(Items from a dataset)
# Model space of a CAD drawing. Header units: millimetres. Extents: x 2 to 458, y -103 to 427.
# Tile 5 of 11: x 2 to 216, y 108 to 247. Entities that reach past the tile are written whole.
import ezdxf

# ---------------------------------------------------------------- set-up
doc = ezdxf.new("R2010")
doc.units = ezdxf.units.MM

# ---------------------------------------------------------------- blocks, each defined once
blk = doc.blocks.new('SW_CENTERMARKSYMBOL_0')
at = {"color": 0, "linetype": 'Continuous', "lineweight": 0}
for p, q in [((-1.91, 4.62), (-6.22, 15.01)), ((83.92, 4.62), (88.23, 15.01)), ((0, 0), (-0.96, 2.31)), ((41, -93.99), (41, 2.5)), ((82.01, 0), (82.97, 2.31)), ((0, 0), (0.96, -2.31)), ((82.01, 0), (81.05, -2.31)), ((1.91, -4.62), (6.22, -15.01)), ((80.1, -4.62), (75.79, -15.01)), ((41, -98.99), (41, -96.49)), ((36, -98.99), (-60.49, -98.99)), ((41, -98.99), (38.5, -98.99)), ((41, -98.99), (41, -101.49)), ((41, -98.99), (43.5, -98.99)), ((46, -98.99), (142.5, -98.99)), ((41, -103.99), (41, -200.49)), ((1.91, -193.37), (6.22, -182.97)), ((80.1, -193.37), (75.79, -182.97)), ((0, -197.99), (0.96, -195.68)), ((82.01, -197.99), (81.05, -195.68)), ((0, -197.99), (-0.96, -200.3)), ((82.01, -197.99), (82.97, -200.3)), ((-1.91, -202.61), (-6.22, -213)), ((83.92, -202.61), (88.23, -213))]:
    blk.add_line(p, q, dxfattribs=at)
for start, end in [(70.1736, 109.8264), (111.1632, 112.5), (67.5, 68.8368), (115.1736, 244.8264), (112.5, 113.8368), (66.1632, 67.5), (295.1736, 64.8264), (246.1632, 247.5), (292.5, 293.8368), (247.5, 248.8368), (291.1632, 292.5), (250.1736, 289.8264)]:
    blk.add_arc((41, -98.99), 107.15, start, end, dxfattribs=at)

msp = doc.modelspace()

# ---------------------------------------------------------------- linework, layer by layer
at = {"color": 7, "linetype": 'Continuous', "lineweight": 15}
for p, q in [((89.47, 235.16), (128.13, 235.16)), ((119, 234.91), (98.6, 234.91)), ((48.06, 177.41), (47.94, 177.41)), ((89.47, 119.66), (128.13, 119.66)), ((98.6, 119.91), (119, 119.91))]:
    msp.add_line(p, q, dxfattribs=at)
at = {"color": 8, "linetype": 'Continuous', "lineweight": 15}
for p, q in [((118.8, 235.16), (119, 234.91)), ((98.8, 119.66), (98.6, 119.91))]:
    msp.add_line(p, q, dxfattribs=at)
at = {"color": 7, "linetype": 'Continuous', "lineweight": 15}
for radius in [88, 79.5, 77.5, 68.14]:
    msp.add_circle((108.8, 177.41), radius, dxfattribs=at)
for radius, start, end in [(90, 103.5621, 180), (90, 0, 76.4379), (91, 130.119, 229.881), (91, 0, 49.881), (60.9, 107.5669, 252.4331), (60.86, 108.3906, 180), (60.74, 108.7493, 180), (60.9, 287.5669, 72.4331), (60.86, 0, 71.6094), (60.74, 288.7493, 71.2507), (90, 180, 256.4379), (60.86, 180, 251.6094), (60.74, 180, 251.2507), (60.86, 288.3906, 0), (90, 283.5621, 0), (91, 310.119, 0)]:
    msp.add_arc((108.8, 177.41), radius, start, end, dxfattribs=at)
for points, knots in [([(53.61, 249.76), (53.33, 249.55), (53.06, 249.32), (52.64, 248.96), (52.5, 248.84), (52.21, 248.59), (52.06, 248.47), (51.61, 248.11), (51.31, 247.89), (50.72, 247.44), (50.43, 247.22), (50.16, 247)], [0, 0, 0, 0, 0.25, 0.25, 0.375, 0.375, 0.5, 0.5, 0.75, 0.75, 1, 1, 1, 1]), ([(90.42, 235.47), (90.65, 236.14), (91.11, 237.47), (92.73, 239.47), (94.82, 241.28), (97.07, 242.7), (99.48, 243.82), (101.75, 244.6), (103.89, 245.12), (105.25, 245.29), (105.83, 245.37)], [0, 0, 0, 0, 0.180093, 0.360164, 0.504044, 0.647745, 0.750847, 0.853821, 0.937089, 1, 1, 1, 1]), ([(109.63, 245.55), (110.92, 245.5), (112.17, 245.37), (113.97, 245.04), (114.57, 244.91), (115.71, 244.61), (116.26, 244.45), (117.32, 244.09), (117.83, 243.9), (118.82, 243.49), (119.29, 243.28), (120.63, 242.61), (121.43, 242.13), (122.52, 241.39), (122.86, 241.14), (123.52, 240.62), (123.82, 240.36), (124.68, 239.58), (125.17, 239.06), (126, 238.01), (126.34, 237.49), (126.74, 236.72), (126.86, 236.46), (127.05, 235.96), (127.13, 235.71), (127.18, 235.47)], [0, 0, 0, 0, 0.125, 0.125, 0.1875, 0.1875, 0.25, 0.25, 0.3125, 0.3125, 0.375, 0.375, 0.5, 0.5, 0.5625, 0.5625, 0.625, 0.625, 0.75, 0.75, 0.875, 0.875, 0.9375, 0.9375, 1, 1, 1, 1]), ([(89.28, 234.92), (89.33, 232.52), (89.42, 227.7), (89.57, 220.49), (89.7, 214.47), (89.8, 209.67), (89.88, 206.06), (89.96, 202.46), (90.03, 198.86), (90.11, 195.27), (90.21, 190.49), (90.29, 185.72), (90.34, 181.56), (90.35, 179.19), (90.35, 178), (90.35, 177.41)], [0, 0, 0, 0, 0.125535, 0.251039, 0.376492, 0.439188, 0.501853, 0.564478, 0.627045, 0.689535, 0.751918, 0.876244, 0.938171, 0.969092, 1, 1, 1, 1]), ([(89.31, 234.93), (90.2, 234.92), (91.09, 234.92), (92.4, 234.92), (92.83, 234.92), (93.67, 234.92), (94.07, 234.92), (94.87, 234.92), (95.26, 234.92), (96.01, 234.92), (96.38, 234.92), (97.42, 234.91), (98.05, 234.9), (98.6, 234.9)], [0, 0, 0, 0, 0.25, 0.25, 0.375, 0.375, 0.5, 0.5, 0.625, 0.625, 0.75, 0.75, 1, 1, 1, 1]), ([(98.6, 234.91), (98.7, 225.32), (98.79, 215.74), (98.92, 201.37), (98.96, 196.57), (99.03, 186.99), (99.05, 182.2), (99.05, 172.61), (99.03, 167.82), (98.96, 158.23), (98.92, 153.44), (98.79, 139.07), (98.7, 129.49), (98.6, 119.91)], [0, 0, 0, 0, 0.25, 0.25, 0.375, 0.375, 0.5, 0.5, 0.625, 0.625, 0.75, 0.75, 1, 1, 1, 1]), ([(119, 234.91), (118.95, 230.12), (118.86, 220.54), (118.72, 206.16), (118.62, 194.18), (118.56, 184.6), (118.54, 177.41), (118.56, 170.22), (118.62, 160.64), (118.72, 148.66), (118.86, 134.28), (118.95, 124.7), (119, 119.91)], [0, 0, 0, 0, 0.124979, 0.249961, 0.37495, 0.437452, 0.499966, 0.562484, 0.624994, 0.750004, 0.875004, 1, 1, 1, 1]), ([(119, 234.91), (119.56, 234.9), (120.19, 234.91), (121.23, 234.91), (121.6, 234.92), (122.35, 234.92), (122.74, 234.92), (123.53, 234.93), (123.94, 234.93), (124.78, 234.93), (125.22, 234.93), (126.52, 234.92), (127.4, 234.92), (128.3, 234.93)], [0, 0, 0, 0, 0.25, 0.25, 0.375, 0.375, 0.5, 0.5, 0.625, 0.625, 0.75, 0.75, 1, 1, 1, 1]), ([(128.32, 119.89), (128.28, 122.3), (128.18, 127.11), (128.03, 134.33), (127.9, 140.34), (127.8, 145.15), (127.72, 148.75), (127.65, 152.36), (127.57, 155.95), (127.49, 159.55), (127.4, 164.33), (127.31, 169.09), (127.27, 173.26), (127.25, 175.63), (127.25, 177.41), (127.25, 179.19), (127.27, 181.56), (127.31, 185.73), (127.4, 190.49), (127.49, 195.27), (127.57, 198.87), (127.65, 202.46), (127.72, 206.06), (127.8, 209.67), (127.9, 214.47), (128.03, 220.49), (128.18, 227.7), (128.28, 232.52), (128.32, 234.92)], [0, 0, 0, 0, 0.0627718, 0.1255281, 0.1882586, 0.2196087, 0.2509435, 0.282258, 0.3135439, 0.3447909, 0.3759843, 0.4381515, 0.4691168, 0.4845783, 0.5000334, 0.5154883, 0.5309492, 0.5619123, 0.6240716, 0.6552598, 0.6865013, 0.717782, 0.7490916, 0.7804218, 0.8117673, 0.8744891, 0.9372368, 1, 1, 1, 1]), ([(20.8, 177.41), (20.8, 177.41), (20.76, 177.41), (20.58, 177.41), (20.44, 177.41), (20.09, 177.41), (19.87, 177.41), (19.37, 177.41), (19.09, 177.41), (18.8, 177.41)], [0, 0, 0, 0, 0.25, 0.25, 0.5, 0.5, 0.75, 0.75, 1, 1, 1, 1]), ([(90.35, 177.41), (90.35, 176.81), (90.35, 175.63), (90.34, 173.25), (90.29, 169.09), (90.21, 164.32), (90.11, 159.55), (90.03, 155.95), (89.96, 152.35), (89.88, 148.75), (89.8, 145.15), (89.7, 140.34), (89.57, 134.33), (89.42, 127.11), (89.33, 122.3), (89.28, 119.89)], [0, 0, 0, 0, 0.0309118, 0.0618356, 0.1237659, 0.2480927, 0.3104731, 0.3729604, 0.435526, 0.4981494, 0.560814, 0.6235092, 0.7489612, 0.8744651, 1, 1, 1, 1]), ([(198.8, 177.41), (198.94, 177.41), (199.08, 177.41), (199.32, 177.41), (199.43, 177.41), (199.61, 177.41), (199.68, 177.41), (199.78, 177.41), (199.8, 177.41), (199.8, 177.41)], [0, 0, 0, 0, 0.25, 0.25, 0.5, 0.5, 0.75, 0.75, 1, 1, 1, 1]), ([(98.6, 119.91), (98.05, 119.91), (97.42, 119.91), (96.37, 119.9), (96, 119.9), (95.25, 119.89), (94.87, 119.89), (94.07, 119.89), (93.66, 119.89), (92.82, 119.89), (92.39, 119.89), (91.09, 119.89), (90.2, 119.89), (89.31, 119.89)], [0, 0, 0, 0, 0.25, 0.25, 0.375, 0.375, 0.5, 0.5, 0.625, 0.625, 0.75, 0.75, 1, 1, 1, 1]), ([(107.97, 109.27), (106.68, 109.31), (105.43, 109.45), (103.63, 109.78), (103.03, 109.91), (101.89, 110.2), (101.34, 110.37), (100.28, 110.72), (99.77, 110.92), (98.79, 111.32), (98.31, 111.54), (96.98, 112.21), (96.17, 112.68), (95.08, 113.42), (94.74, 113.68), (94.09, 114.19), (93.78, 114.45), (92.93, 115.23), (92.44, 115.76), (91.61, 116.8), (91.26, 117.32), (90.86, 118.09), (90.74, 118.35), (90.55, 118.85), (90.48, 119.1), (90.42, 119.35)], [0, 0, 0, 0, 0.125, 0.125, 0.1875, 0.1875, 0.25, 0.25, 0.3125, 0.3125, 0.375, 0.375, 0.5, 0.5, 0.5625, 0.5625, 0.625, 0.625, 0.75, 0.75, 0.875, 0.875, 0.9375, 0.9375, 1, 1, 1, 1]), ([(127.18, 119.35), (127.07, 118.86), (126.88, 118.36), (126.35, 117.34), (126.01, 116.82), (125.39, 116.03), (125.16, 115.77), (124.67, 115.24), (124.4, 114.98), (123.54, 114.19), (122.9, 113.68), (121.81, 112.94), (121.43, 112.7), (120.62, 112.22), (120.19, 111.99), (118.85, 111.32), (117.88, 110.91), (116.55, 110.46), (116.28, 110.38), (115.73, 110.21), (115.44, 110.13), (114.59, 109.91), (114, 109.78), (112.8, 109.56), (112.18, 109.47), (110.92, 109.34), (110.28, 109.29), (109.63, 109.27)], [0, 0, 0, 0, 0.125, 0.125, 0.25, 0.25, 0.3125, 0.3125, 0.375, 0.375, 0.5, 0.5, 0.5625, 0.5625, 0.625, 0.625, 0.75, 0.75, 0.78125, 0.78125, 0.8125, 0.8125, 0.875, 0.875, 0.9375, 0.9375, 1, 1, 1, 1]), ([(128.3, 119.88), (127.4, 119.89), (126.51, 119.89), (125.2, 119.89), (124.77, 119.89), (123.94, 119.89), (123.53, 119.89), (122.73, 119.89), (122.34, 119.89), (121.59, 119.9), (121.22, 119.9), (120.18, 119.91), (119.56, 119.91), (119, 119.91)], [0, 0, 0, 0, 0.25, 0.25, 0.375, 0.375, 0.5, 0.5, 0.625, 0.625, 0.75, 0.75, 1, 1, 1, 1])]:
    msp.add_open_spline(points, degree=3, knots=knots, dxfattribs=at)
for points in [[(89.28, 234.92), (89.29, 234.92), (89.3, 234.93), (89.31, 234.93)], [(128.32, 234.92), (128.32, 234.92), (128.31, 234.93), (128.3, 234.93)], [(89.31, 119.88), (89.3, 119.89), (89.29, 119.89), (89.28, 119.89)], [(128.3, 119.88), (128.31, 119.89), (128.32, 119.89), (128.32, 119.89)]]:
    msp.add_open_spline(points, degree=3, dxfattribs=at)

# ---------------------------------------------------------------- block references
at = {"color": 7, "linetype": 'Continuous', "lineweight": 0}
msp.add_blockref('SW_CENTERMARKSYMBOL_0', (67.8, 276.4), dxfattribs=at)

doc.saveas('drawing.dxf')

EXERCISE BRIEF: Working from the records above, write out verbatim only the lines from the line containing "for radius, start, end" through the line containing "msp.add_arc((108.8, 177.41), radius, start, end, dxfattribs=at)".

FINISHED EXERCISE:
for radius, start, end in [(90, 103.5621, 180), (90, 0, 76.4379), (91, 130.119, 229.881), (91, 0, 49.881), (60.9, 107.5669, 252.4331), (60.86, 108.3906, 180), (60.74, 108.7493, 180), (60.9, 287.5669, 72.4331), (60.86, 0, 71.6094), (60.74, 288.7493, 71.2507), (90, 180, 256.4379), (60.86, 180, 251.6094), (60.74, 180, 251.2507), (60.86, 288.3906, 0), (90, 283.5621, 0), (91, 310.119, 0)]:
    msp.add_arc((108.8, 177.41), radius, start, end, dxfattribs=at)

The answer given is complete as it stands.